Kuck Lennart, Griffith Tia A, McNamee Antony P, Peart Jason N, Wilson John H, Sharma Ajay, Sharma Lavanya A, Robertson Kai, Du Toit Eugene F, Simmonds Michael J
Biorheology Research Laboratory, Griffith University, Gold Coast, Australia.
School of Pharmacy and Medical Science, Griffith University, Gold Coast, Australia.
FEBS J. 2025 Jun 8. doi: 10.1111/febs.70157.
Circulatory deficits are common and pathophysiologically relevant in type 2 diabetes mellitus (T2DM). Perturbed red blood cell (RBC) homeostasis and diminished nitric oxide (NO) availability contribute to endothelial dysfunction, a hallmark of cardiometabolic disorders; however, underlying pathophysiological mechanisms remain elusive. Here, we investigated RBC signaling pathways in a murine model of metabolic disease, focused on NO. T2DM-RBCs had elevated levels of cytosolic NO, intracellular calcium ions (Ca), and reactive oxygen species. Acute stimulation with exogenous insulin had no effect on NO content. Whereas insulin exposure caused Ca entry into healthy RBCs, T2DM-RBCs were insensitive. Using RBCs isolated from human blood, we confirmed that insulin had no effect on RBC-NO, despite prompting Ca uptake. Ca uptake with insulin exposure was sensitive to inhibition of mechanosensitive ion channels, as well as Ca chelation. Furthermore, co-incubation of RBCs with the piezo-type mechanosensitive ion channel component 1 (Piezo1) channel agonist Yoda1 and insulin did not produce compounded Ca uptake, raising the possibility of crosstalk between insulin and Piezo1. The hyperinsulinemia associated with T2DM may exacerbate normal Piezo1-dependent Ca uptake into RBCs, contributing to RBC dysfunction and circulatory complications in T2DM. The significance of RBC signaling in the pathophysiology of cardiometabolic disorders is still emerging. Individuals carrying mutations in the PIEZO1 gene exhibit hematological aberrations and hereditary anemia, supporting the importance of Piezo1 in RBC homeostasis. Furthermore, a shift in RBC-NO metabolism favoring nitrosative stress may contribute to circulatory complications observed in metabolic diseases such as T2DM. Collectively, the emerging relevance of RBC signaling pathways may provide novel avenues for targeted drug development.

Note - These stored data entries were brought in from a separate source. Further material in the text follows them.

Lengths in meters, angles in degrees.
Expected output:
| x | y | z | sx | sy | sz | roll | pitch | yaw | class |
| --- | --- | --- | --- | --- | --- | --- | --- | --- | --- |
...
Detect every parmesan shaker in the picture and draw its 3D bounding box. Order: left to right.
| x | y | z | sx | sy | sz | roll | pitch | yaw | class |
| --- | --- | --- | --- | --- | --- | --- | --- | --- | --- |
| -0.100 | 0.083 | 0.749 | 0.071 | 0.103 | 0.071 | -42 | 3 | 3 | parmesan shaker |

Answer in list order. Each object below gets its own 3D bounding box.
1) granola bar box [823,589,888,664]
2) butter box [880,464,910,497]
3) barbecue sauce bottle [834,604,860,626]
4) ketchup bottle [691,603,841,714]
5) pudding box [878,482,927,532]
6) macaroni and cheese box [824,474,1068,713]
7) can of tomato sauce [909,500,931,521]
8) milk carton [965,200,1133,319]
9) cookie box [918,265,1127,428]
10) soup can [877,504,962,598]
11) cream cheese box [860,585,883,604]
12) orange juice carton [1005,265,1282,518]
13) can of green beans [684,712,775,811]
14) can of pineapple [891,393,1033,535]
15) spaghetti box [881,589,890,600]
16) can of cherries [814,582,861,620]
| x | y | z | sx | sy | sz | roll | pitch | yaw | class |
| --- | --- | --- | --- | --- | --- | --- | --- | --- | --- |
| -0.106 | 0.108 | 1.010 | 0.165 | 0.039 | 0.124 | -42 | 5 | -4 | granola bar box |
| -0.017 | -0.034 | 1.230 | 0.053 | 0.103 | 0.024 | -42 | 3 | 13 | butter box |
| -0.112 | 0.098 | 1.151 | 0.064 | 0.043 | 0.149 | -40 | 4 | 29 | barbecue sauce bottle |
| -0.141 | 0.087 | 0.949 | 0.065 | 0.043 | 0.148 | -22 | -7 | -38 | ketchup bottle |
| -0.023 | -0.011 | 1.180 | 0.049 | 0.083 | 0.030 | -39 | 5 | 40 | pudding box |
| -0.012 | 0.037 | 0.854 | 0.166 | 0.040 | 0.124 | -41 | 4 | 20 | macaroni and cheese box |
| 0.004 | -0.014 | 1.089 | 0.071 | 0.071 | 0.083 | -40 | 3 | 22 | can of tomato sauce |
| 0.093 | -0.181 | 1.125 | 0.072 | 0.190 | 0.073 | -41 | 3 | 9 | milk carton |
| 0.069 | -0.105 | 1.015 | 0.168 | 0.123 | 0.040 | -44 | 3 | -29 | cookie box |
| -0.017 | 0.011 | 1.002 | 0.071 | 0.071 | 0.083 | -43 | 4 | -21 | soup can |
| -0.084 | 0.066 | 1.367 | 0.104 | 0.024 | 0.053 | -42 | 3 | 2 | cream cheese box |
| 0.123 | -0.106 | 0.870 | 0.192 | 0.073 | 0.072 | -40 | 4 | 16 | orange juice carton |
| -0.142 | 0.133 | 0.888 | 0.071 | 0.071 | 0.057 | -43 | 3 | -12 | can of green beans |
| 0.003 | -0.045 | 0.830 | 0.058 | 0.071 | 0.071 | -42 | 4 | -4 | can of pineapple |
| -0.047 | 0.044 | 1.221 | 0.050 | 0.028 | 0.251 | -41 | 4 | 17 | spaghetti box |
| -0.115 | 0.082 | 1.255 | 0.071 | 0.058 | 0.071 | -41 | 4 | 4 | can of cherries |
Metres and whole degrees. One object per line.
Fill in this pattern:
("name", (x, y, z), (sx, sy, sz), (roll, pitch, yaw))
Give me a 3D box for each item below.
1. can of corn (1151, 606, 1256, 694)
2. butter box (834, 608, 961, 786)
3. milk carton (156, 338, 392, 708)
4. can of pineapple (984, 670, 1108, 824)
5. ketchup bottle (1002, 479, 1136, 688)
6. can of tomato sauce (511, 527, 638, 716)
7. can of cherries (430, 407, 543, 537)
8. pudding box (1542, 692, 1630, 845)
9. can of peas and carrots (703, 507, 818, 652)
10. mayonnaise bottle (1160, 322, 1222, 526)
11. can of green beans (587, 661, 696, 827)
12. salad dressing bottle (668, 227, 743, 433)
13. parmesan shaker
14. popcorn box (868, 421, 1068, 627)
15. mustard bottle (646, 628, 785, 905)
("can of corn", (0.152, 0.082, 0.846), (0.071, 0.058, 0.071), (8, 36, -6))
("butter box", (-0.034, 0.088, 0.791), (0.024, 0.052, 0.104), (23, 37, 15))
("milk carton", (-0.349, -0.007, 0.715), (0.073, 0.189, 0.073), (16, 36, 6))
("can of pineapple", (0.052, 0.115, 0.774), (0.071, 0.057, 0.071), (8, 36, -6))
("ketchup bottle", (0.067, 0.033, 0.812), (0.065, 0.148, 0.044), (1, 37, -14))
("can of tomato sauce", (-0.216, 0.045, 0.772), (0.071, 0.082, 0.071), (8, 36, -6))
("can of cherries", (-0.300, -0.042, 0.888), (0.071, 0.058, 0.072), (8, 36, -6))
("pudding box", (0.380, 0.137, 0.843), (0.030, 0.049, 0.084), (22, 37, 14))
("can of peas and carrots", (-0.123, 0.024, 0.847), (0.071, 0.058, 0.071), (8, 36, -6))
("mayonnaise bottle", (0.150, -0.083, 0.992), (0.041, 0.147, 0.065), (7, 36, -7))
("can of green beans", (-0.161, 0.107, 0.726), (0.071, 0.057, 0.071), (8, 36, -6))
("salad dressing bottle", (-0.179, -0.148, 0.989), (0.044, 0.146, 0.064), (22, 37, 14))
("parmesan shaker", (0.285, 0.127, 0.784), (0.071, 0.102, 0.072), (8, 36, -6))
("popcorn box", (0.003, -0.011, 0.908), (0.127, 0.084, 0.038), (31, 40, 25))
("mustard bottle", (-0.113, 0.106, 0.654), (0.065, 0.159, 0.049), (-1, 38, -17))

循环系统缺陷在2型糖尿病(T2DM)中很常见且具有病理生理学相关性。红细胞(RBC)内环境稳态紊乱和一氧化氮(NO)可用性降低会导致内皮功能障碍,这是心脏代谢紊乱的一个标志;然而,潜在的病理生理机制仍不清楚。在这里,我们在代谢性疾病的小鼠模型中研究了RBC信号通路,重点是NO。T2DM-RBC的细胞溶质NO、细胞内钙离子(Ca)和活性氧水平升高。外源性胰岛素的急性刺激对NO含量没有影响。虽然胰岛素暴露会导致Ca进入健康的RBC,但T2DM-RBC不敏感。使用从人血中分离的RBC,我们证实胰岛素对RBC-NO没有影响,尽管它能促使Ca摄取。胰岛素暴露引起的Ca摄取对机械敏感离子通道的抑制以及Ca螯合敏感。此外,将RBC与压电型机械敏感离子通道成分1(Piezo1)通道激动剂Yoda1和胰岛素共同孵育不会产生复合的Ca摄取,这增加了胰岛素和Piezo1之间存在相互作用的可能性。与T2DM相关的高胰岛素血症可能会加剧正常的Piezo1依赖性Ca摄取进入RBC,导致T2DM中的RBC功能障碍和循环系统并发症。RBC信号在心脏代谢紊乱病理生理学中的重要性仍在显现。携带PIEZO1基因突变的个体表现出血液学异常和遗传性贫血,这支持了Piezo1在RBC内环境稳态中的重要性。此外,RBC-NO代谢向有利于亚硝化应激的方向转变可能导致在T2DM等代谢性疾病中观察到的循环系统并发症。总的来说,RBC信号通路新出现的相关性可能为靶向药物开发提供新途径。